In contrast to the two findings above, an examination of analogical distance as a function of the speaker's purpose did reveal a significant association [χ2(7,N = 66) = 34.94, p < 0.005]. When a speaker sought to produce an analogy that created a visual image, an out-of-domain source was typically selected (n = 16, 24%). On the other hand, when an analogizing by example, a source-target transfer from within the same domain was most commonly observed (n = 18, 27%).

Discussion

The most prominent observation to come from this study was that the use of analogy for exploration and explanation among economics experts and students was rich and abundant. In 427 min of discourse, 97 analogies were extracted, suggesting that analogies are both commonly used and serve as an important component in human reasoning and in understanding problems. The reading group setting enabled the observation of actual experts spontaneously forming analogies using their semantic knowledge applied to economics, a domain likely to entail more freedom to move between and among domains of knowledge than the previously investigated biology and political domains. The selection and fluid assembly of analogies during discourse may help to reveal the core principles involved in analogical thinking among experts. This study's findings will be discussed in the context of prior evidence.

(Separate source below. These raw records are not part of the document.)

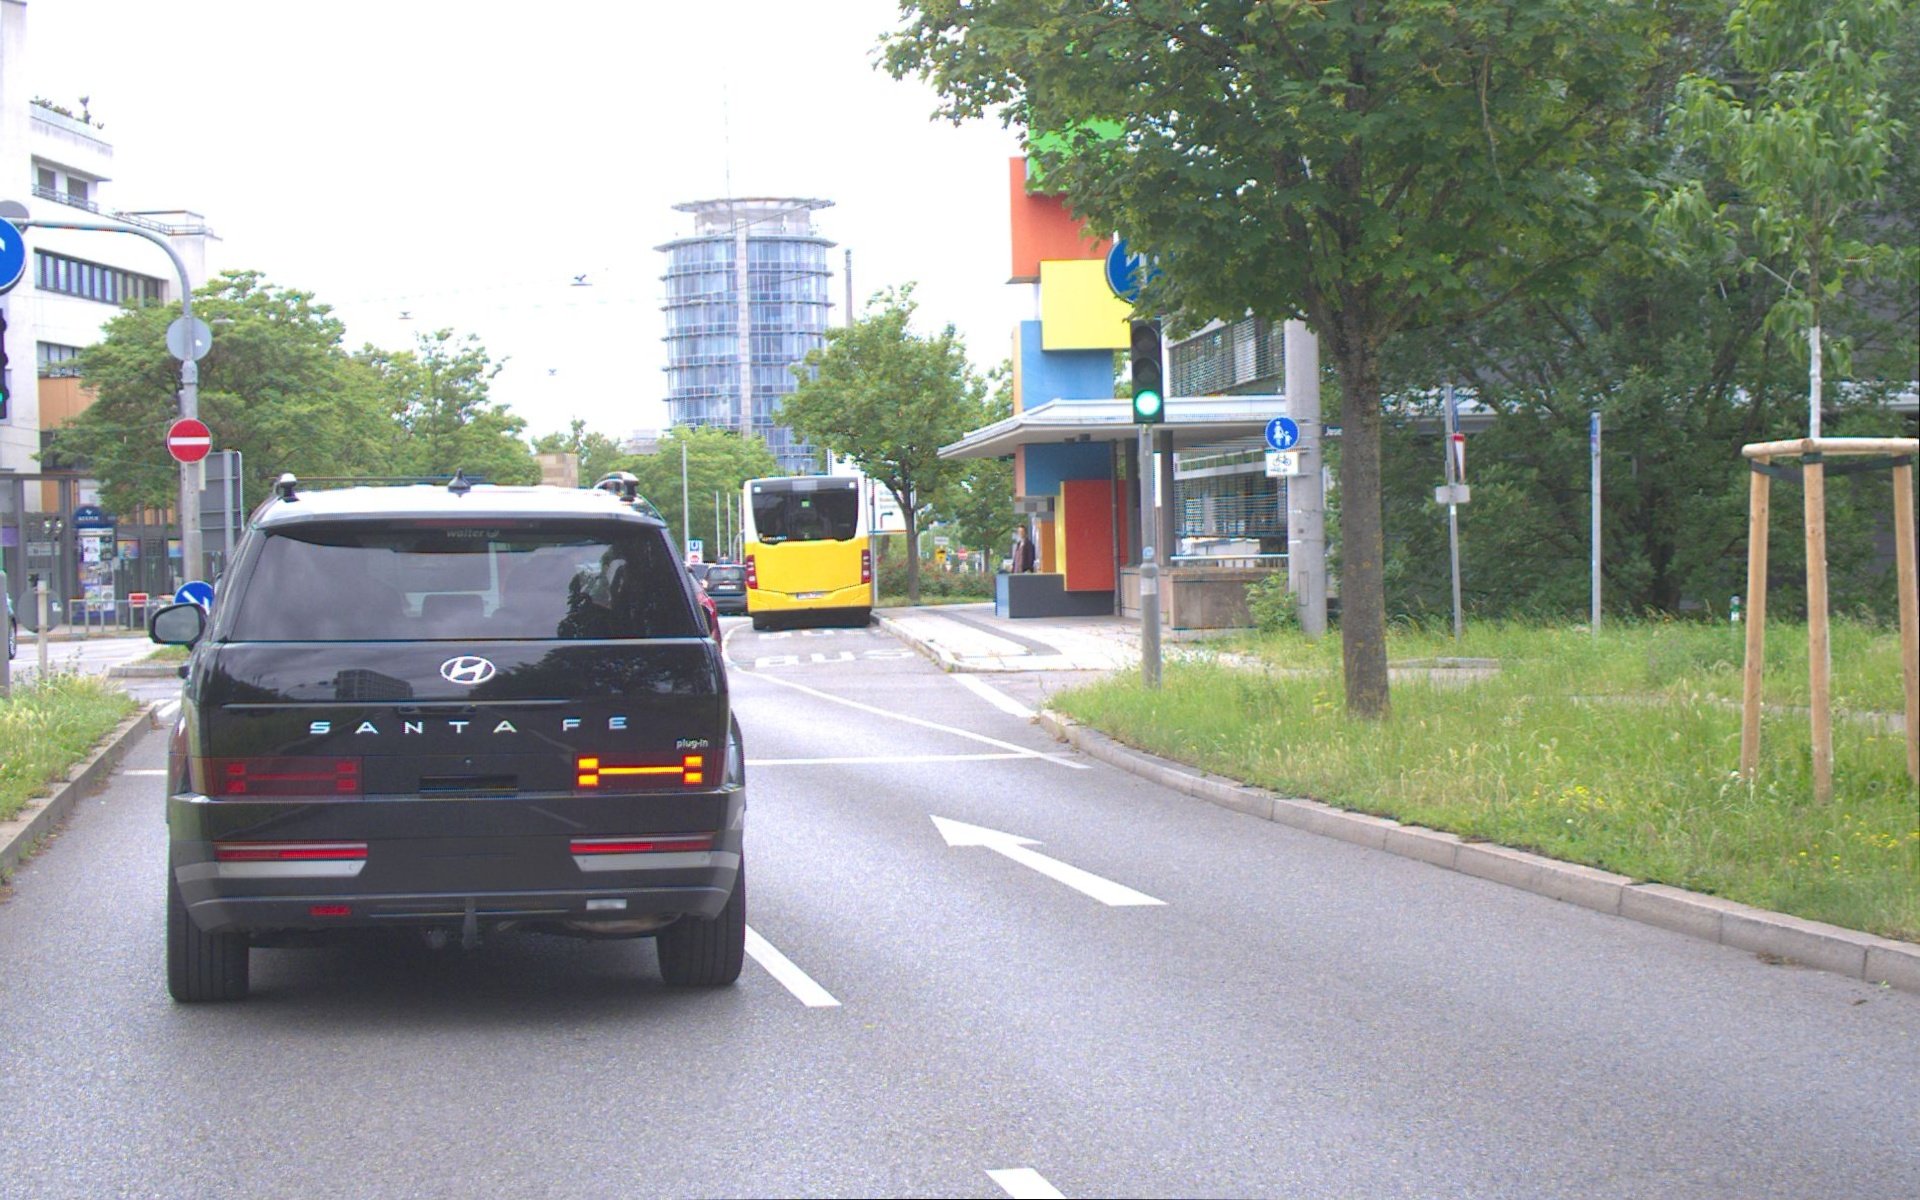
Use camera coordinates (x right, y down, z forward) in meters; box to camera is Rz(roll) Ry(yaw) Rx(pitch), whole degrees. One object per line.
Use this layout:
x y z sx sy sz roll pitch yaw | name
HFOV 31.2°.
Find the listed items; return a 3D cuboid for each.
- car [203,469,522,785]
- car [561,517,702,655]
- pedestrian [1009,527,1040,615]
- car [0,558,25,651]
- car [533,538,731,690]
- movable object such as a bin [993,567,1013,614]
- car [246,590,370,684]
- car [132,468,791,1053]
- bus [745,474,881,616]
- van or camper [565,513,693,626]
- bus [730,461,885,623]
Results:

Experts in the Field of Economics

We chose to study behavioral economics experts in this study. Economists seek to broadly explain complex real-world human behavior in the context of equations, models, games, and hypothetical examples. All of these techniques rely heavily upon comparisons between different states of the world, different types of behavior, and combinations of models and situations. While some feature or object-based similarity occurs in comparisons between economic models and real-world behavior, it can be argued that the majority of the comparisons are about relations and systems of relations. For example, in the economic Ultimatum Game (Guth et al., 1982), two individuals each make monetary decisions that will be reviewed and reacted to by the other. The Ultimatum Game can be compared to many situations in life in which banks, individuals, or nations either choose to cooperate or not with regard to money, goods, or military action. Thus, many of the comparisons used in behavioral economics are likely to be analogical and may occur with greater frequency than observed in laboratory settings. The expertise of the individuals involved in behavioral economics discussions and expertise levels of the broader group are likely to encourage potentially rich and relationally deep analogies.

Expertise was a critical element to this study, as the role of domain knowledge in analogy production is not yet well understood. The level of expertise among reading group participants varied, but all had sufficient knowledge to be considered experts in the field. In some observational studies, expertise was narrowly concentrated [Dunbar's (1995, 1997) molecular biology group], whereas in others, general audiences possessed little to no domain knowledge [e.g., Blanchette and Dunbar (2001) political news study]. In our economics reading group, the expertise was both deep and broad, covering a range of specializations such as experimental economics, econometrics, and game theory.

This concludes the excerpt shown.